The image he uses is one of precipitation. The rain or snow descends upon the parched dead earth and it turns green with life and bursts into colour as flowers bloom. The flowers wither and seed pods form. They ripen and seeds fall into the earth and lies there, awaiting the next rain or snowfall that will in turn bring them to life. Meanwhile the water that had fallen from the sky has evaporated in the sun and returned to the heavens; its present work accomplished. “And that is just like the word of God,” says Isaiah. “It is never ineffective. It always achieves what God intends it to achieve.” And just what is that exactly?

According to Isaiah, it is the bringing of life.

That was what happened when God spoke at the dawn of time (Genesis 1) and it happened again when Jesus was conceived. Indeed, his conception by a young woman who was a virgin is presented to us as an actual example of how the word of God inevitably brings life however hopeless the circumstances. We are used to hearing Gabriel’s response to Mary’s “How can this be?” as “For with God nothing shall be impossible” (Luke 1.37 KJV), but Gabriel’s words as they appear in the most reliable Greek manuscripts are, “For no word from God will ever fail” (NIV, NEB etc).

Jesus himself is, of course, the Word who became flesh and lived among us (John 1.14) and his avowed purpose in coming was precisely that we might have life (John 10.10).

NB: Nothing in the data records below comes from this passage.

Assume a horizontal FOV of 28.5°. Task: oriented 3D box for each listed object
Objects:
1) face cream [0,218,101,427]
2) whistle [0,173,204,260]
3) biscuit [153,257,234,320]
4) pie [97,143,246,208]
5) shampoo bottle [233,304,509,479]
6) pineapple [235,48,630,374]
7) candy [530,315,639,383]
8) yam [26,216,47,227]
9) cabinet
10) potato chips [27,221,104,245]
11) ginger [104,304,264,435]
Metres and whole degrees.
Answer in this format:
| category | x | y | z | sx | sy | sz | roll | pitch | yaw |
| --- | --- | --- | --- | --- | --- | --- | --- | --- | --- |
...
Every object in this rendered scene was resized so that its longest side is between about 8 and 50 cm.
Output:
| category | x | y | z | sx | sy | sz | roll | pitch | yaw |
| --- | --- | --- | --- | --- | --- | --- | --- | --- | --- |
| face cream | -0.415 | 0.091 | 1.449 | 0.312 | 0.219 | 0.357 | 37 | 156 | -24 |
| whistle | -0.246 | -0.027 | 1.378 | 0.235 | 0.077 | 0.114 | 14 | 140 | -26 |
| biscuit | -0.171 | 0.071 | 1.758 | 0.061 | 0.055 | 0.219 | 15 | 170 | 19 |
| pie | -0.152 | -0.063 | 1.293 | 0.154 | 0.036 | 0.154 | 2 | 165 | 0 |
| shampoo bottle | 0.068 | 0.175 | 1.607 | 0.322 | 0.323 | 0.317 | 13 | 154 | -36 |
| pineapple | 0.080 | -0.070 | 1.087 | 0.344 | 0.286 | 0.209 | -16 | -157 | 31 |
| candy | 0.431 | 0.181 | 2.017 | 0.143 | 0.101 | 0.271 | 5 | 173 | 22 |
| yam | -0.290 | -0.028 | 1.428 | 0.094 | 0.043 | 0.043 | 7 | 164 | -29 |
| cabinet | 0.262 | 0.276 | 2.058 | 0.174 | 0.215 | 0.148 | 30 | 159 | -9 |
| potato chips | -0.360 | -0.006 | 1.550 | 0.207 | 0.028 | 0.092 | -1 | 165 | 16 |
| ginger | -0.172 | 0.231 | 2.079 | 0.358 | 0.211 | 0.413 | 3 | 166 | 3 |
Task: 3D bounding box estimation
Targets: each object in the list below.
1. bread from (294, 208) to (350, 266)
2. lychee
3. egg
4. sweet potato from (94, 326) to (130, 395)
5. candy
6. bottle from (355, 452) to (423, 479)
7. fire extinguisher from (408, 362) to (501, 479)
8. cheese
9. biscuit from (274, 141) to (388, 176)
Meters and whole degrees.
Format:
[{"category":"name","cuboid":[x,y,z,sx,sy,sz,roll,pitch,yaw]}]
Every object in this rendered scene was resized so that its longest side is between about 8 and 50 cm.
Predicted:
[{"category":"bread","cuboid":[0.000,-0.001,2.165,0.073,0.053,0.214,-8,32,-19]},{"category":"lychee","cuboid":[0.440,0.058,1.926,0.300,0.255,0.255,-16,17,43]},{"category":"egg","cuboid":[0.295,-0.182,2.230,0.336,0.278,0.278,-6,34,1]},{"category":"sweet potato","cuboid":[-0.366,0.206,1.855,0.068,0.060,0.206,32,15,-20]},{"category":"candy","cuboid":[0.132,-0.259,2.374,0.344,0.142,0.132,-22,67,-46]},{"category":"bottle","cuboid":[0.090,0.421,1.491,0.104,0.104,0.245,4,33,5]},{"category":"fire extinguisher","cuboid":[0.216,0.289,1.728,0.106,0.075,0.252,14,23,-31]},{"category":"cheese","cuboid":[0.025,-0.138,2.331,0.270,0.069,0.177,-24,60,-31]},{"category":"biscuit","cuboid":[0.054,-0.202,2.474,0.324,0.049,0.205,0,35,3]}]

In short, the word of God is a life-bringing, life-giving force that, once released, cannot (according to Isaiah) be thwarted in its purpose. Paul calls it “the word of life” (Philippians 2.16) which is the name John gives to Jesus himself (1 John 1.1). It is like a guided missile that, once locked on to its target, will inevitably strike it. But God’s word is a life missile, launched in love,  and it will always bring about, not the destruction of its target, but its rescue and salvation.

Isn’t that encouraging? Shouldn’t it cause us to pray with renewed vigour that, this day, God will “speak” through us – through our words as we write emails, blog, make and answer phone calls, chat and pass the time of day; through our actions; through our attitudes (see my recent post “Fruit with Seed in it”); through everything we are. For we are assured that, if he does, the word of the Lord that is thus conveyed in our lives will inevitably bring life to others. It cannot do otherwise, says Isaiah; for if it is the word of the Lord and it simply cannot fail.